As an aside, organizations that have well-established networks may want to consider a software-defined WAN solution instead of a VPN approach. With SD-WAN, the corporate network extends directly to the user's location, providing robust security and reliability.
Those Other VPNs
Virtually every security software vendor sells a VPN (Dell currently resells VPN software from McAfee, Iolo and Avast), but there are also many standalone VPN makers. These products range in price from around $15 per month to free. Some companies find them useful for tasks such as booking travel, where the cost for tickets or accommodations may be different depending on the user's location. With gateways in dozens of countries, these products can make your remote requests seem local.
There are a few things to keep in mind, though. First, the encrypted pipe only goes as far as the gateway at the remote end. After that, your traffic isn't protected by the VPN. If you're also using an otherwise secure connection (look for HTTPS at the beginning of the URL) then it's still secured.
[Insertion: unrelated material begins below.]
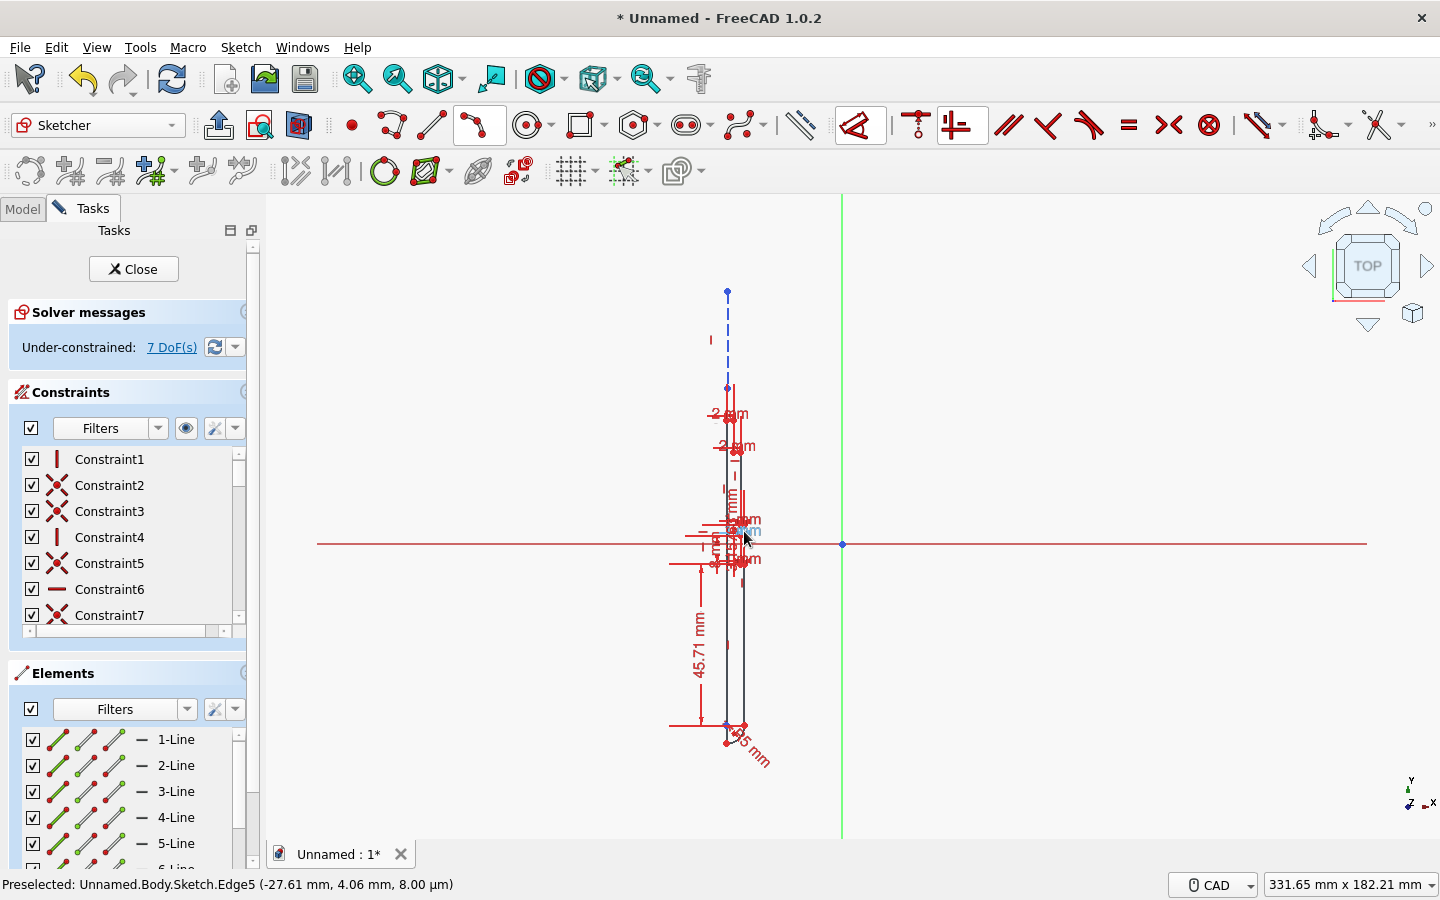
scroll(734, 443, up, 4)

This is important for any activity that involves sensitive data including credit card numbers.
Second, you need to know what data is collected by the VPN operator, including what information they keep in their logs. Be aware that some VPNs may use your data for advertising.
Third, remember that cheap or free VPNs have to get money from somewhere. If they're not getting money from you, then they're selling your information.
Finally, you need to know where the VPN operator is based. Your data will be subject to the laws of the country where the company is located, and the level of protection offered by some countries can be surprisingly low.
The critical priority is the safety of your company's data, and choosing the right VPN can help ensure that sensitive information isn't 'plucked out of the air' as it traverses the internet.